The history of denying what I want is long. It is best to be quiet, unheard, unseen, have few needs, because the lower you set the bar the easier it is to meet the meagerness.

I reflected yesterday on the way to our preview night of the play how you can always set yourself up to “succeed” when you place the bar achingly low. When you paint over your dreams with “realistic expectations,” you’re never called to reach out of your comfort zone. You can sit on the couch watching Netflix until the end of time, eating peanut butter out of a jar, and quietly erode all sense of the divine spark within you.

Not that I’ve done that. (wink)

But the divine has a way of being omnipresent, no matter what you do to ignore, dismiss, or erode its guidance and encouragement.

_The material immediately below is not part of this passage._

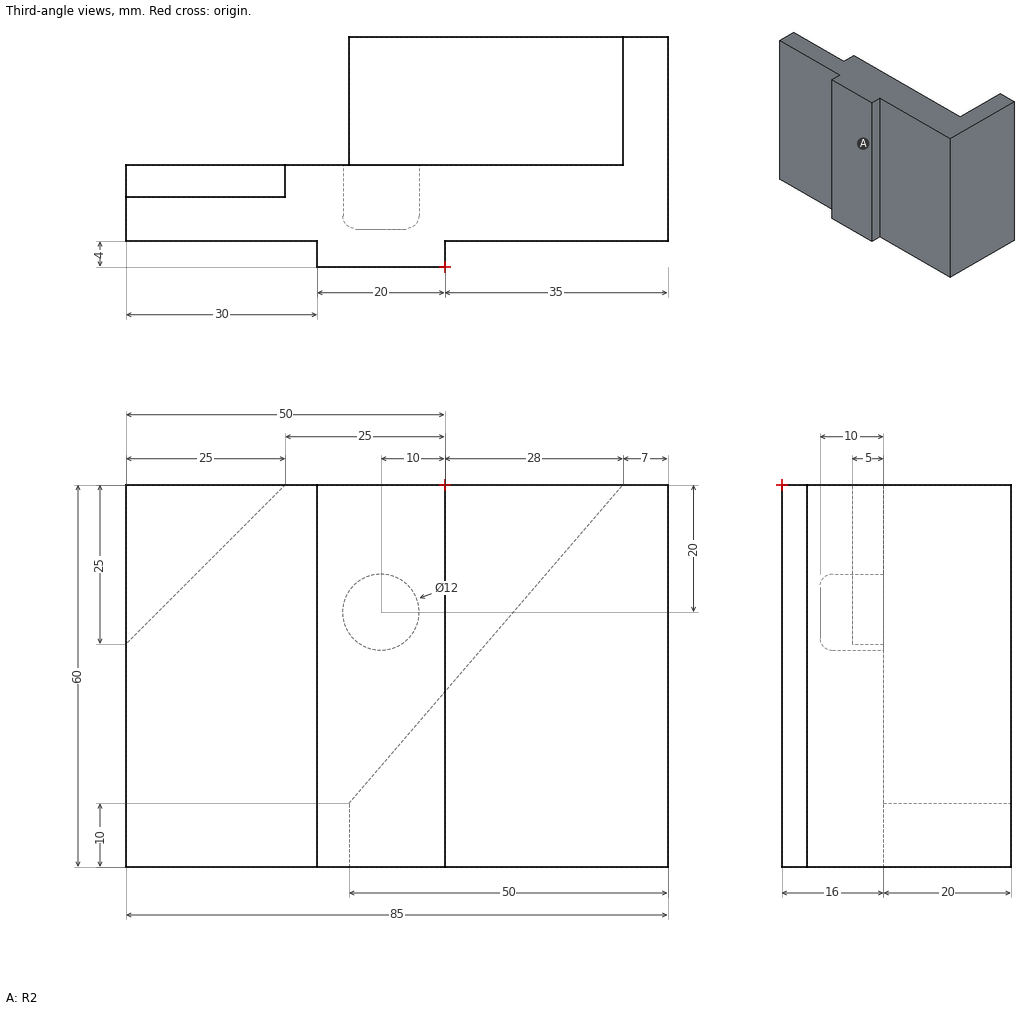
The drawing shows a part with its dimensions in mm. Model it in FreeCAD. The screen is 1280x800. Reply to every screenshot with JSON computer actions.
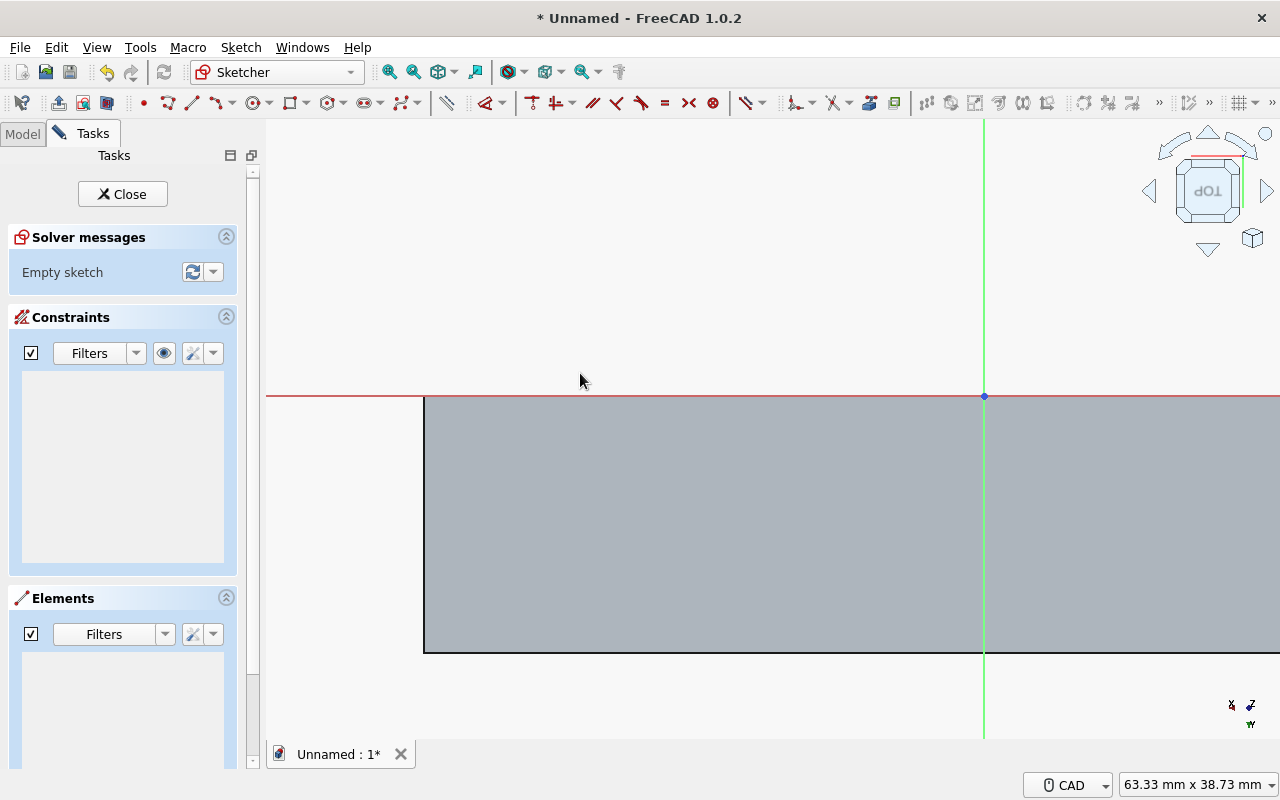
{"action": "left_click", "coordinate": [290, 104]}
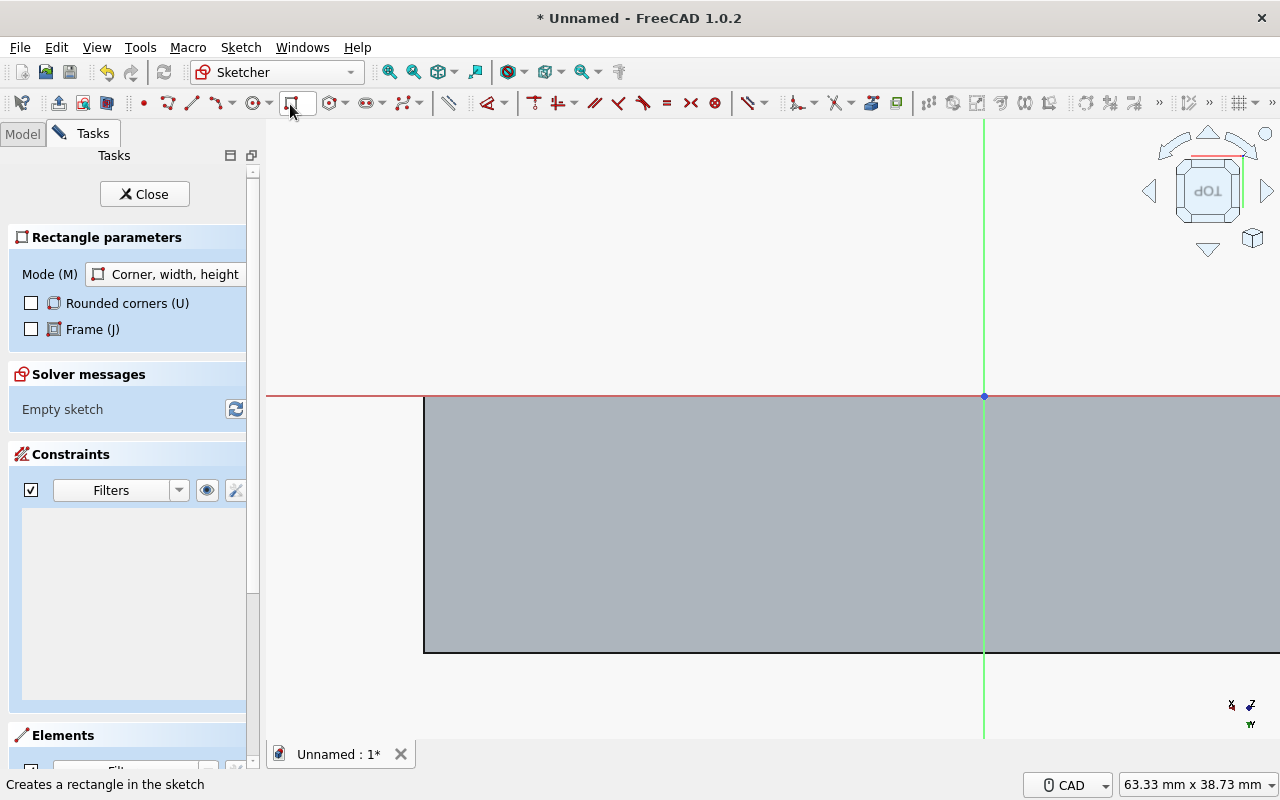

I haven’t a clue what experiences I’m opening up to as I watch this third path unfurl before me. Recognizing foremost that I’ve denied myself the ability to see what I’ve always wanted is a start. Recognizing that I’ve refused to acknowledge that I can have what I want, that my needs don’t have to be pauperistic, that it is safe in the reality of today to express myself is a start.

I’ve written many times before about the emerging option of being safe and seen. Safe doesn’t mean “not bold,” or setting the bar low, here. It means that I am not going to be punished for wanting what I want this lifetime.

This is a hard concept for me to integrate. But, more slowly than I would really love, I’m accepting that the sanest, safest, and surest way toward fulfillment is actually believing it’s available. Whenever I’m good and ready to set down the peanut butter and walk toward it.